L’Évangile (Jn 3,22-30) nous montre Jean le Baptiste dans cette humilité qui libère. Ses disciples viennent lui dire que Jésus attire désormais les foules, que tous vont à lui. D’autres auraient été blessés, jaloux, inquiets. Jean, lui, ne vacille pas. Il sait ce qu’il est et ce qu’il n’est pas. Il est un ami, un témoin, un serviteur. Il n’a rien à prouver. Comme l’étoile qui guida les bergers et s’effaça ensuite, Jean s’applique à disparaître pour laisser toute la place à Celui qui doit grandir. Il se décrit avec des mots pleins d’une tendresse discrète : l’Époux est arrivé, et l’ami de l’Époux tressaille de joie en entendant sa voix. « Il faut qu’il grandisse, et que moi, je diminue. »

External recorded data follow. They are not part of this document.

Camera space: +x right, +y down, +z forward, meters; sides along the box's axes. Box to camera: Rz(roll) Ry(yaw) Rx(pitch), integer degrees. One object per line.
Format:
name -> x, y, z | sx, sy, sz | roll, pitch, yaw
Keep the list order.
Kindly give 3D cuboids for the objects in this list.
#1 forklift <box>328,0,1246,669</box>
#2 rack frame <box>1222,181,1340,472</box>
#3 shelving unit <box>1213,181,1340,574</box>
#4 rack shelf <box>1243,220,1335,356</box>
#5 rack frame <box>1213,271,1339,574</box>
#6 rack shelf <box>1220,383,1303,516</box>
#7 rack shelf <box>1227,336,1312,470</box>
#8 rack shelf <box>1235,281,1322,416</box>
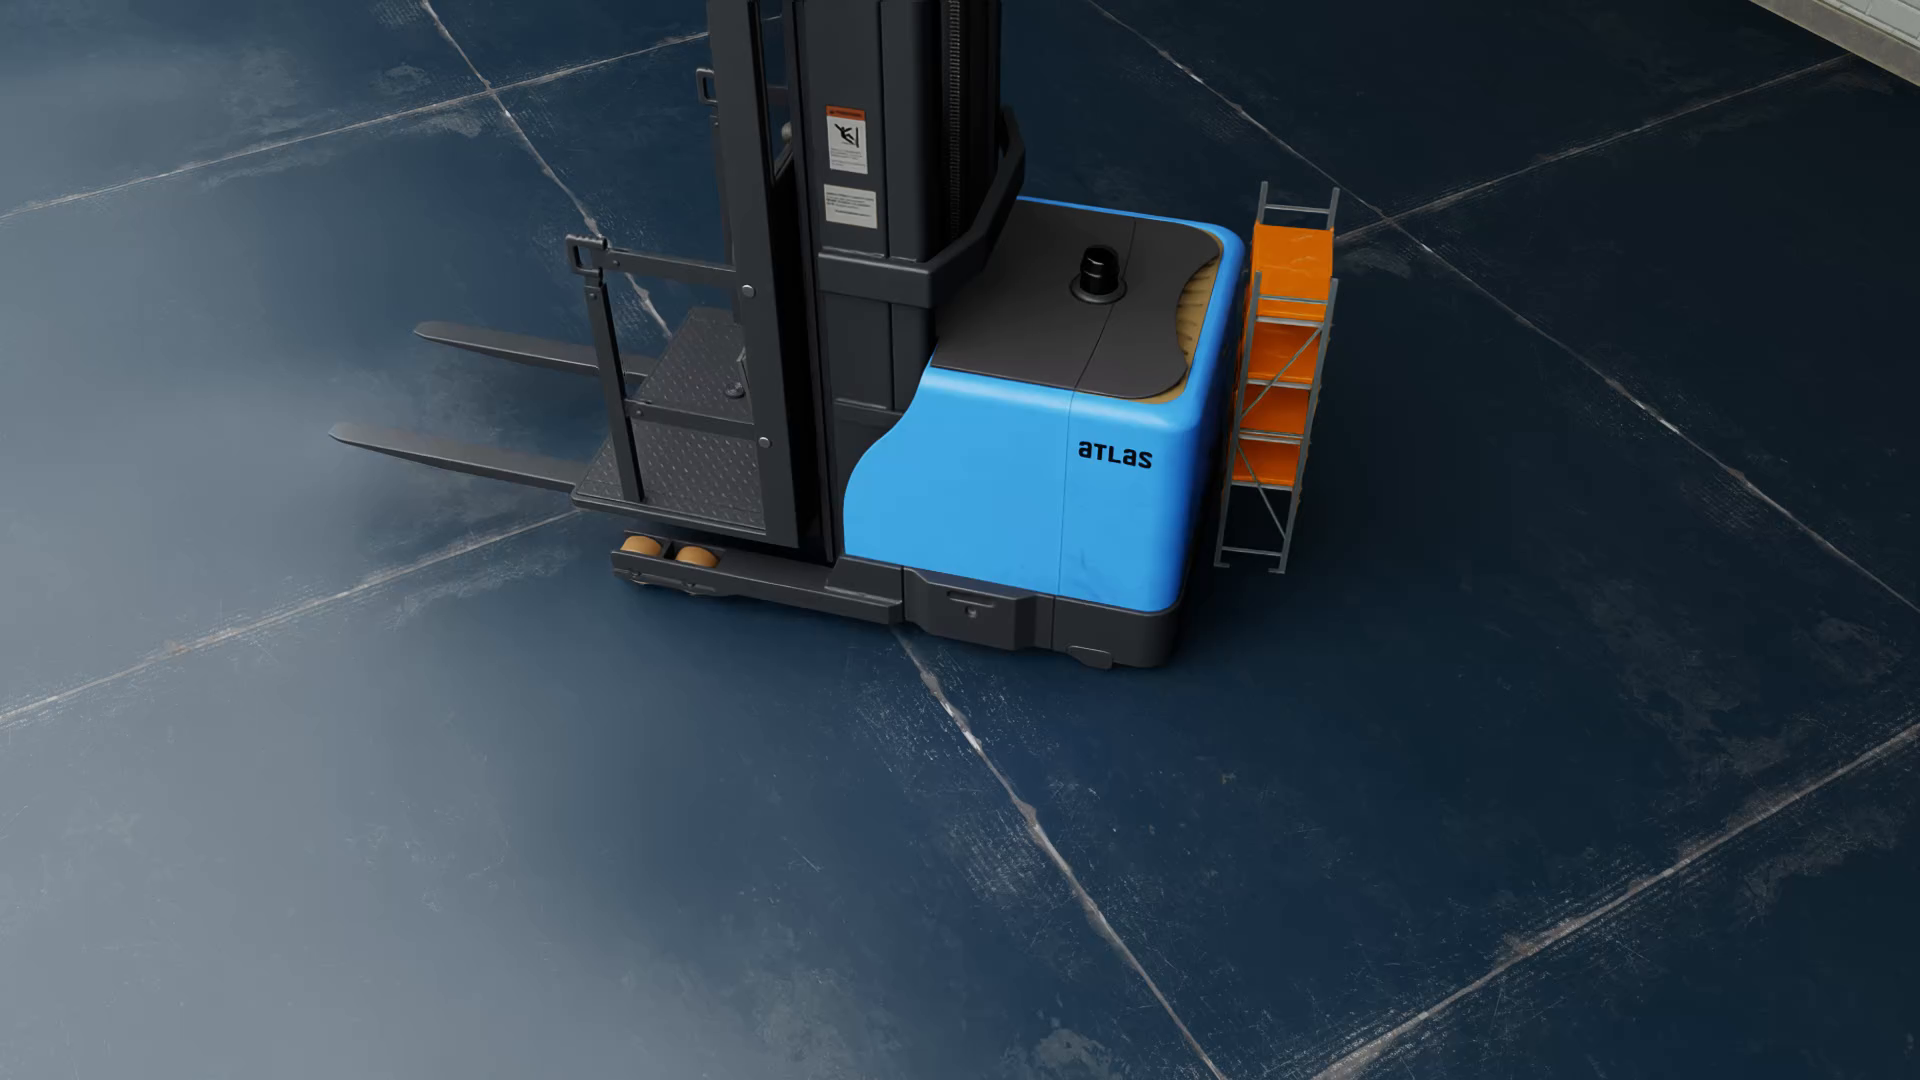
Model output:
forklift -> -0.666, -1.211, 4.893 | 3.031, 2.935, 1.130 | 11, 45, 11
rack frame -> 1.061, -0.669, 5.576 | 0.240, 1.200, 0.015 | 7, 45, 7
shelving unit -> 1.019, -0.501, 5.404 | 0.258, 1.200, 0.503 | 7, 45, 7
rack shelf -> 1.017, -0.783, 5.130 | 0.258, 0.148, 0.480 | 7, 45, 7
rack frame -> 0.978, -0.334, 5.231 | 0.240, 1.200, 0.015 | 7, 45, 7
rack shelf -> 1.021, -0.310, 5.589 | 0.258, 0.148, 0.480 | 7, 45, 7
rack shelf -> 1.020, -0.453, 5.450 | 0.258, 0.148, 0.480 | 7, 45, 7
rack shelf -> 1.019, -0.613, 5.295 | 0.258, 0.148, 0.480 | 7, 45, 7

Cette phrase, si brève, résume toute la spiritualité de l’Enfant de Bethléem. À Bethléem aussi, Dieu est venu dans l’humilité, sans bruit, sans gloire. Il n’a pas pris la première place. Il a choisi la dernière. L’humilité véritable ne consiste pas à se mépriser, mais à trouver sa juste place face à Dieu. Celui qui s’ajuste à cette vérité trouve une joie que rien ne peut lui voler : la joie du serviteur dont la vie devient transparente à Dieu.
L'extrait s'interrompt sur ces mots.